Tantangan Besar bagi Expert
Expert dituntut untuk beradaptasi dengan teknologi yang semakin maju. Jangan sampai metode konvensional membuat proses belajar tidak relevan lagi. Jusuf Kalla menekankan pentingnya master menjadi lebih pintar dan kreatif untuk mengimbangi kecerdasan siswa dan memberikan pengarahan yang tepat.
Kiat Menghadapi Age AI dalam Pendidikan
Expert perlu mengembangkan kemampuan logika dan akal sehat sebagai fondasi utama dalam pembelajaran, mengingat AI hanyalah alat bantu. Mereka juga harus bersikap terbuka, terus belajar, dan mendorong siswa untuk berpikir kritis serta kreatif.

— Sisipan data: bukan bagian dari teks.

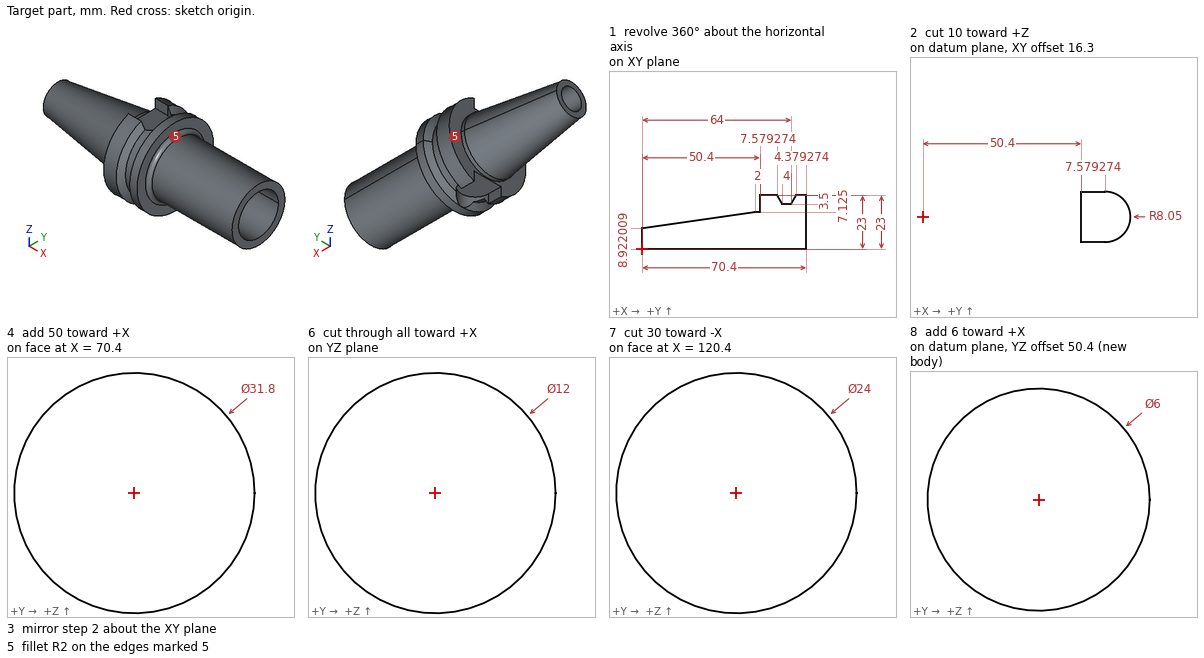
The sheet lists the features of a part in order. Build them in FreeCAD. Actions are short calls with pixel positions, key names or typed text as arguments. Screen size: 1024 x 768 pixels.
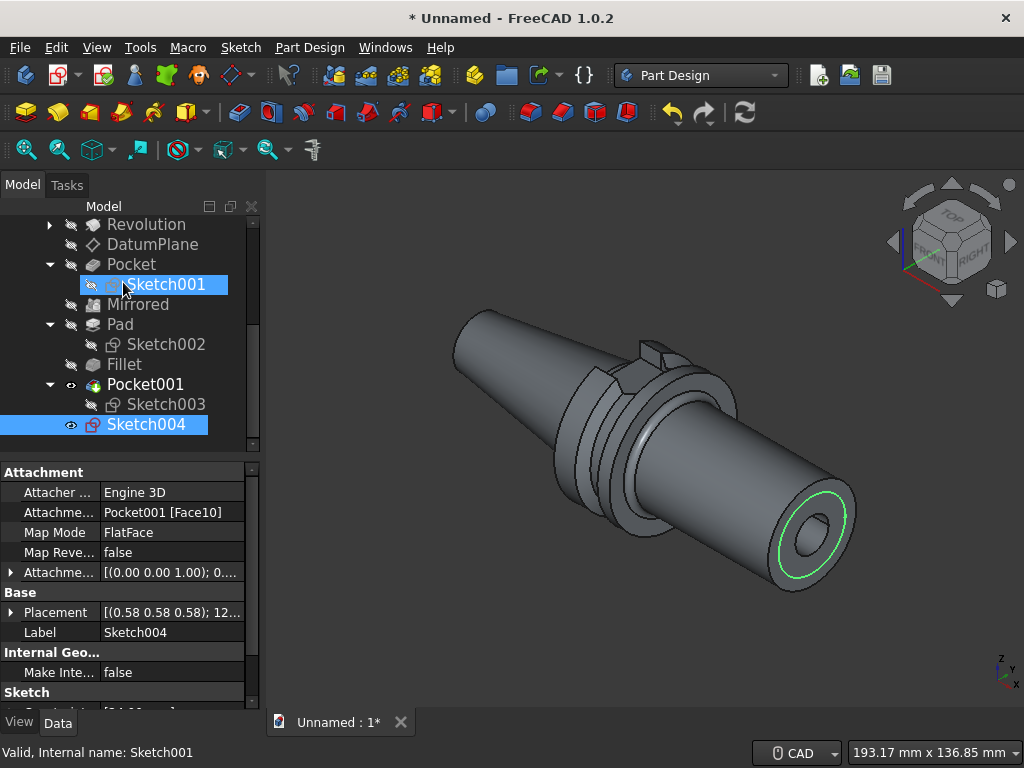
click(240, 112)

Prediksi Masa Depan Pendidikan
Tulisan tangan dan penggunaan kertas di sekolah diprediksi akan tergantikan oleh materi digital yang tersimpan di gizmo seperti ponsel pintar atau laptop computer. Meskipun demikian, master harus tetap memegang kendali agar penggunaan teknologi tidak menghilangkan kreativitas dan logika siswa.
Pentingnya Kontrol Penggunaan Gawai di Sekolah
Menurut Jusuf Kalla, pengawasan ketat diperlukan agar penggunaan gawai mendukung tujuan pembelajaran dan tidak mengganggu atau menimbulkan ketergantungan yang berlebihan.